Jimmy Lama, the head of the charity HELP Nepal has informed us that the roads in the Helambu valley to villages like Gunsa and Thangpalkot are completely impassable. The likelihood is that international charities like Oxfam and the British Red Cross will never get to Helambu. It is depressing to think that while Kathmandu will have the opportunity to rebuild, stronger, these villages that already had next to nothing, completely isolated and abandoned by their government in this time of crisis will have a much harder recovery process.
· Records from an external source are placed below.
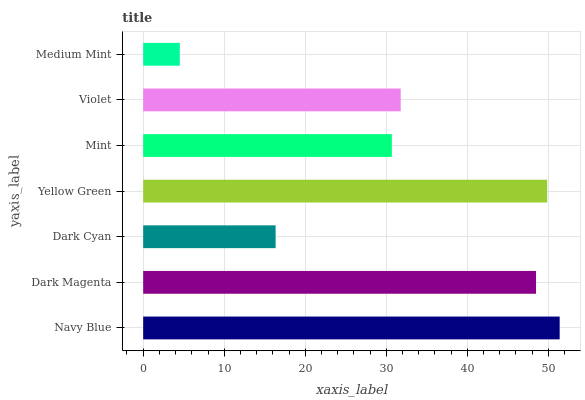Is Medium Mint the minimum?
Answer yes or no. Yes. Is Navy Blue the maximum?
Answer yes or no. Yes. Is Dark Magenta the minimum?
Answer yes or no. No. Is Dark Magenta the maximum?
Answer yes or no. No. Is Navy Blue greater than Dark Magenta?
Answer yes or no. Yes. Is Dark Magenta less than Navy Blue?
Answer yes or no. Yes. Is Dark Magenta greater than Navy Blue?
Answer yes or no. No. Is Navy Blue less than Dark Magenta?
Answer yes or no. No. Is Violet the high median?
Answer yes or no. Yes. Is Violet the low median?
Answer yes or no. Yes. Is Dark Magenta the high median?
Answer yes or no. No. Is Medium Mint the low median?
Answer yes or no. No. 
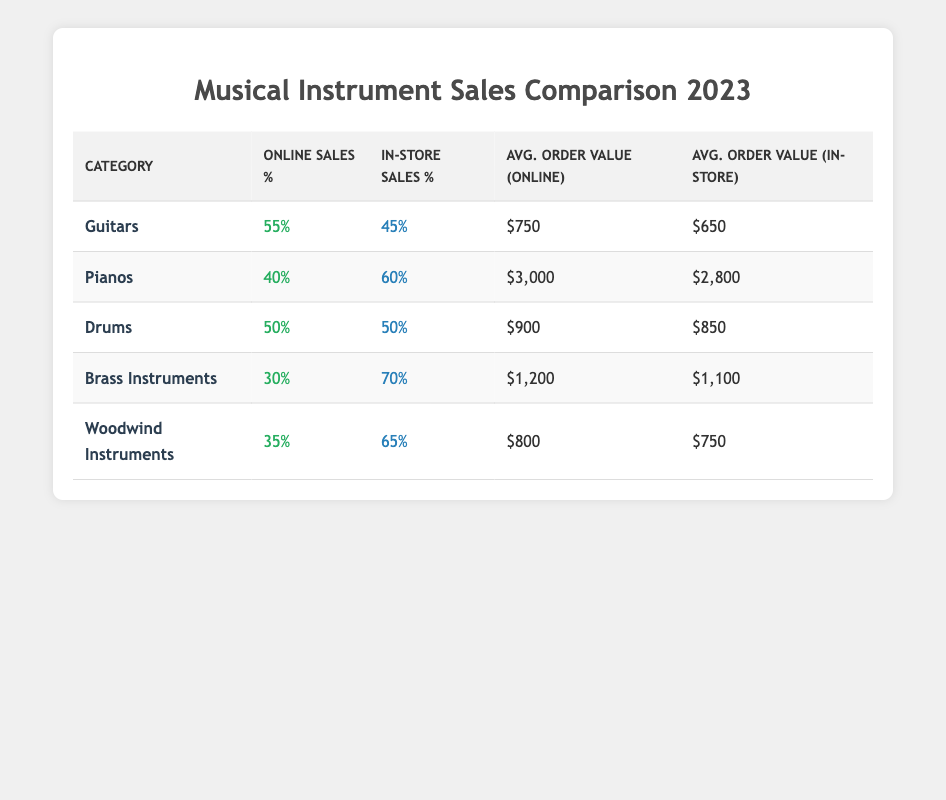What percentage of sales for guitars were made online? The table shows that online sales for guitars are 55%.
Answer: 55% What is the average order value for pianos sold in-store? The table indicates that the average order value for pianos sold in-store is $2,800.
Answer: $2,800 How much higher is the average order value for online sales of brass instruments compared to in-store sales? The average order value for online sales of brass instruments is $1,200 and in-store it is $1,100. The difference is $1,200 - $1,100 = $100.
Answer: $100 Which category has the highest percentage of in-store sales? By comparing the in-store sales percentages, pianos have 60%, which is the highest among all categories.
Answer: Pianos Are online sales for woodwind instruments greater than for brass instruments? The online sales percentage for woodwind instruments is 35%, while for brass instruments it is 30%. Thus, online sales for woodwinds are greater.
Answer: Yes What is the overall average online order value across all categories? To find the overall average, sum the average order values for online sales ($750, $3,000, $900, $1,200, $800) which equals $6,650. Then divide by the total number of categories (5). So, $6,650 / 5 = $1,330.
Answer: $1,330 How do the in-store sales percentages for guitars and drums compare? The in-store percentages for guitars and drums are 45% and 50%, respectively. Drums have a higher in-store sales percentage by 5%.
Answer: Drums have a higher percentage by 5% Which category has the lowest online sales percentage? The lowest online sales percentage is for brass instruments at 30%.
Answer: Brass Instruments

CU HELP, the Cambridge society affiliated to HELP Nepal, through which many students have volunteered has today launched an appeal to help these villages in Helambu who have been forgotten in the coverage of the disaster in Nepal. The appeal supports Mondo Challenge Foundation, the parent charity of HELP Nepal, who have people currently on the ground in Helambu assessing the damage to 30 villages in the region; they are the most effective means of reaching the Helambu communities. Within a day of launching the appeal, our past volunteers had already raised almost £4000. This is a testament to just how much these communities mean to us; we wanted to give back to the incredible people with whom we forged such strong friendships.

In Helambu there is just so much worth preserving. Abandoned by their government and out of the eyes of the media, rural areas like Helambu really do need extra support.